The Christmas tree’s branches were adorned with silver tinsel and a variety of red, green, gold, and blue bulbs. There were also some sentimental ornaments, a number of which clearly had been made by little hands in years gone by.  Small red bows adorned the tips of many of the branches and strands of miniature lights were carefully woven amongst the branches. An angel with a flared skirt and a sparkling halo smiled beatifically down from the top of the tree, and there were several wrapped gifts under it.  The bright holiday colors of the tree were set off by the soft gold and cream colors of the wallpaper and furniture and the deep, warm wood tones.  A few throw pillows in bright, festive colors completed the room.

For a moment Sam wandered around acquainting himself with this room of his temporary home before moving to stand near the tree. The position gave him an unobstructed view of the members of the Millikin family he had met so far.

 

 

PART TWO

 

Watching the lively discussion between Olivia and her mother reminded Sam of similar discussions between Katie and their mother.  He couldn’t help chuckling when Olivia grabbed her books and ran up the staircase opposite the living room door, flinging back over her shoulder as she went, “I can’t wait until I’m fifteen!”

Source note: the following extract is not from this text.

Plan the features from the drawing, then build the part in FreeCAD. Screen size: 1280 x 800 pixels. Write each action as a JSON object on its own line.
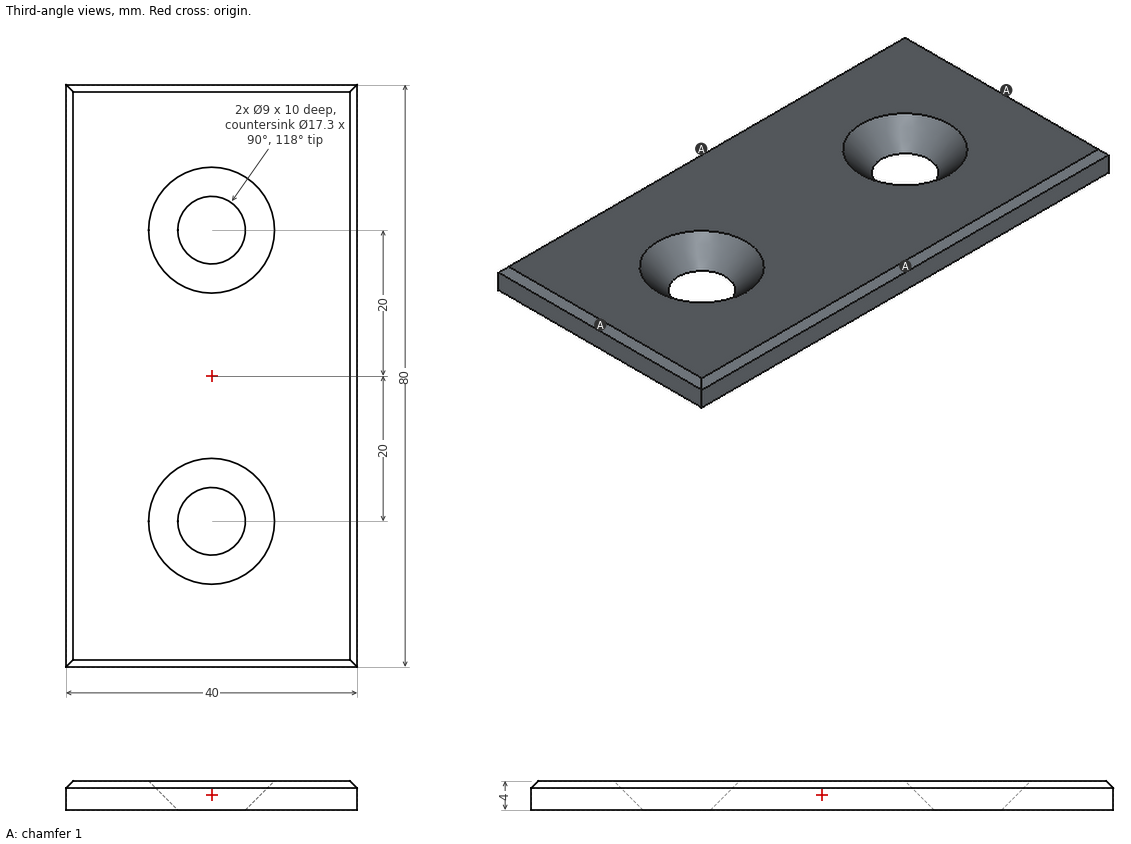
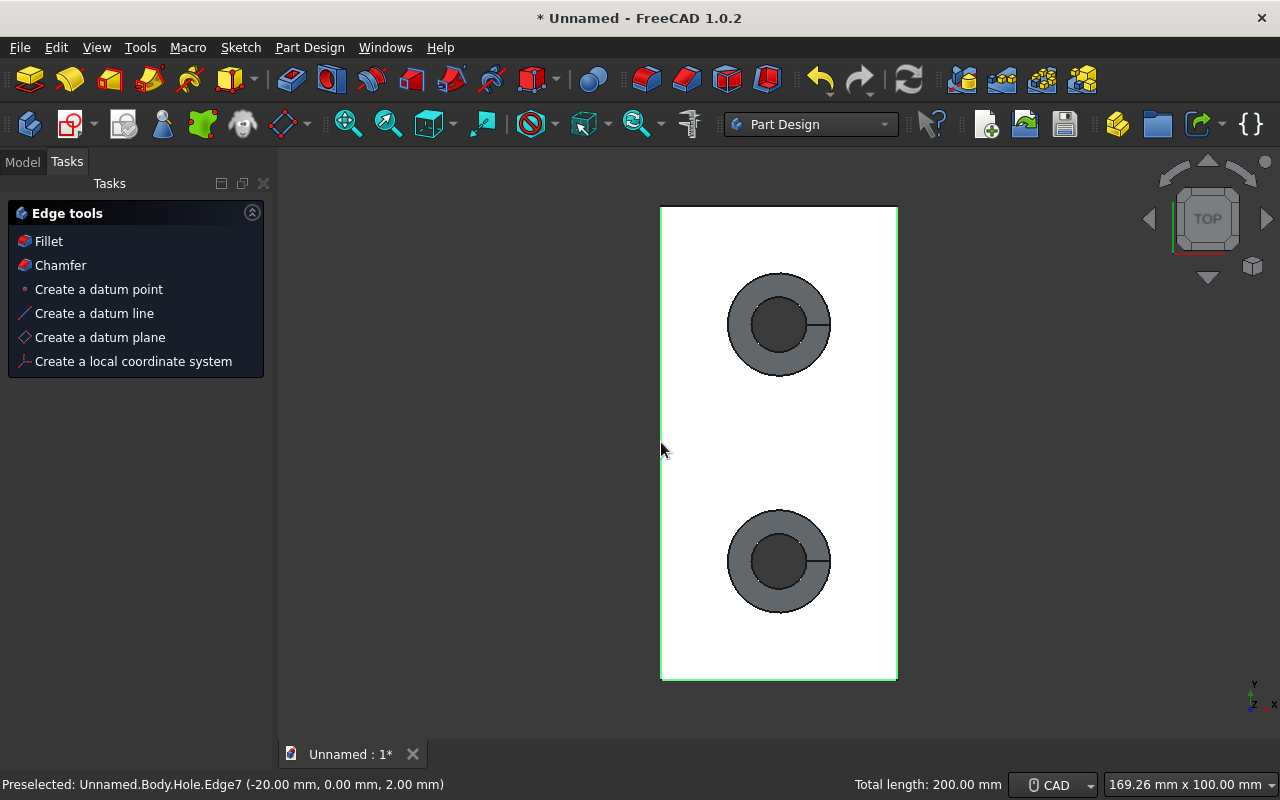
{"action": "left_click", "coordinate": [779, 205], "text": "ctrl"}

        For Al, who had recentered on Sam once he got inside the house, the flurry of kids shedding coats and some or all of them talking at once brought back fond and funny memories of his own brood of daughters at that age.  Jill Millikin’s somewhat harried though unflappable attitude in dealing with her youngest daughter made him laugh.

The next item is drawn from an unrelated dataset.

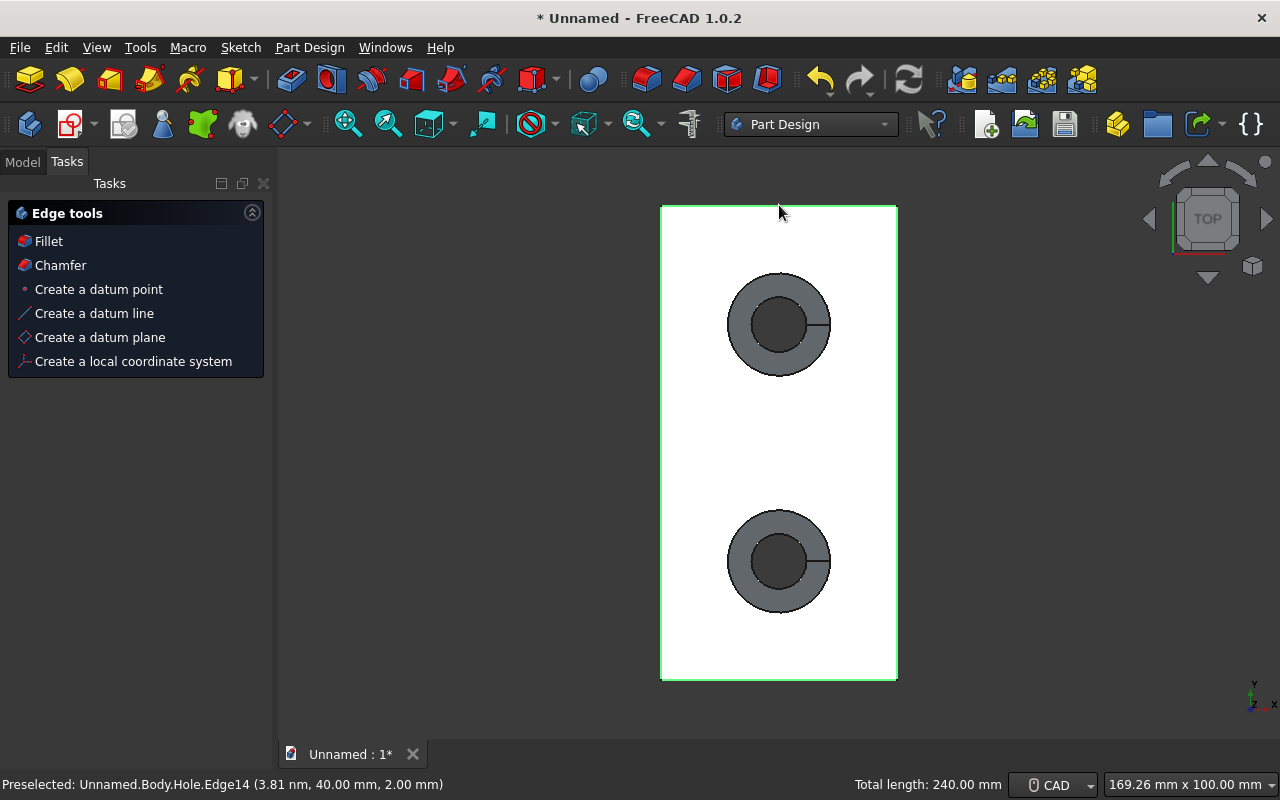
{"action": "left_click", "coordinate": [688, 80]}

        “Jill so reminds me of Beth,” he said, moving up to Sam’s side.  “And Olivia is on the button just like Christa was at that age.”

        “I was thinking the same thing about Katie,” Sam whispered back then asked, “Who’s Jill?”

        “Jill Millikin,” he pointed at the somewhat short, sort of plumpish woman with dark hair already showing more than a few strands of gray, as she issued instructions to her second youngest daughter, Fiona.

“Fee-Fie” Millikin, with her short, dark curls and blue eyes and unruffled manner was unmistakably her mother’s daughter.  Unlike her youngest sister, she was already halfway up the stairs, schoolbag hanging by one strap over her shoulder, and carrying a glass of chocolate milk and a handful of the warm chocolate chip cookies, the fragrance of which was perfuming the air.

        “Jill is the mother of this brood,” Al said as he read off the information, surprised that Ziggy and Verbena had been able to get so much from the probably bewildered teenager sitting in the Waiting Room at this moment.  “She and her husband, Aaron met in their senior year at Western Michigan University, married two years later and have stayed that way for twenty-five... make that twenty-six years as of next month on January 27, 1990.  Now he teaches at the university and sells real estate on the side.”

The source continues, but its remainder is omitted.